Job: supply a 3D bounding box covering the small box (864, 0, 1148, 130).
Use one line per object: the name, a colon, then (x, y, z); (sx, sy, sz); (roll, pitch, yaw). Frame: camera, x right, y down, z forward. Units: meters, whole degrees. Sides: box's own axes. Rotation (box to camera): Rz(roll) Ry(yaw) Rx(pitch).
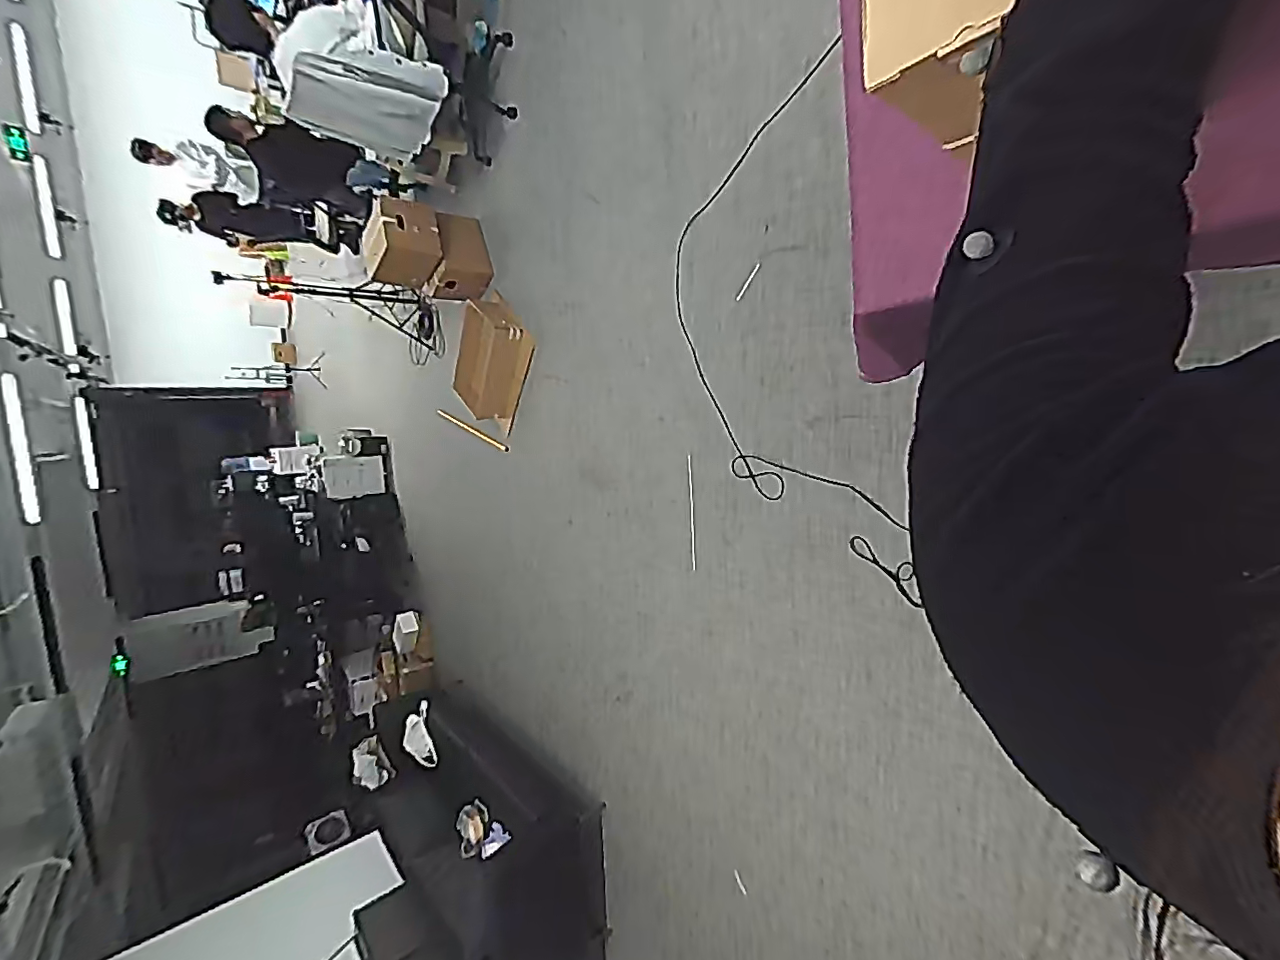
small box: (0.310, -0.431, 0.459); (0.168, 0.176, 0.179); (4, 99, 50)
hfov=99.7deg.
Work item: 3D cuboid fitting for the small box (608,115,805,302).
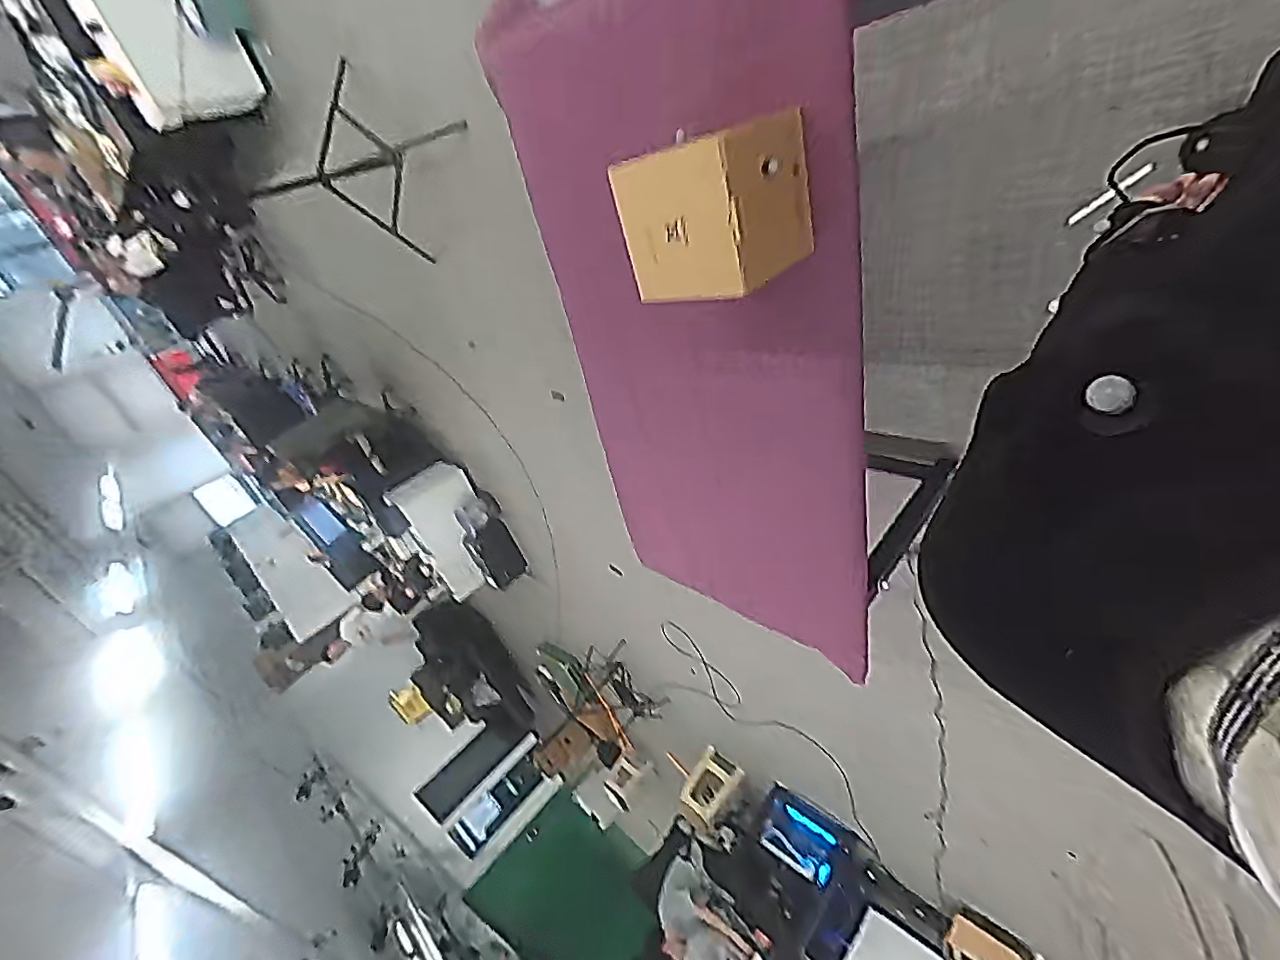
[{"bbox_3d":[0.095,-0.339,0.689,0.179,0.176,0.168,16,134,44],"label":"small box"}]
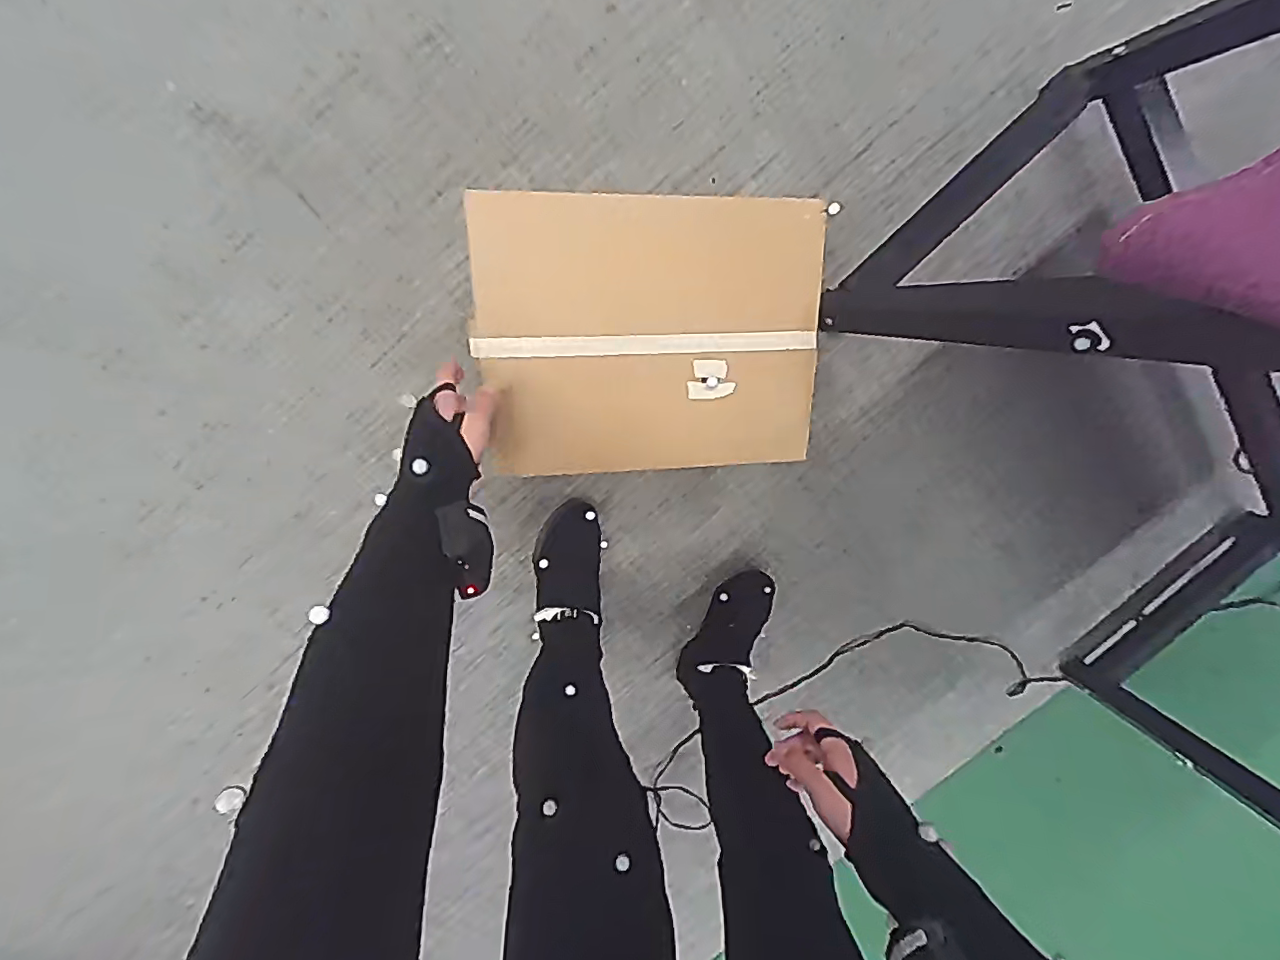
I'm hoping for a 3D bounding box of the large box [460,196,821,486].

########

ACTIVITY: Reproduce each entry exactly, without the pictures.

ANSWER TO THIS EXERCISE:
Job: supply a 3D bounding box covering the small box (864, 0, 1148, 130).
Use one line per object: the name, a colon, then (x, y, z); (sx, sy, sz); (roll, pitch, yaw). Frame: camera, x right, y down, z forward. Units: meters, whole degrees. Sides: box's own axes. Rotation (box to camera): Rz(roll) Ry(yaw) Rx(pitch).
small box: (0.310, -0.431, 0.459); (0.168, 0.176, 0.179); (4, 99, 50)
hfov=99.7deg.
Work item: 3D cuboid fitting for the small box (608,115,805,302).
[{"bbox_3d":[0.095,-0.339,0.689,0.179,0.176,0.168,16,134,44],"label":"small box"}]
I'm hoping for a 3D bounding box of the large box [460,196,821,486].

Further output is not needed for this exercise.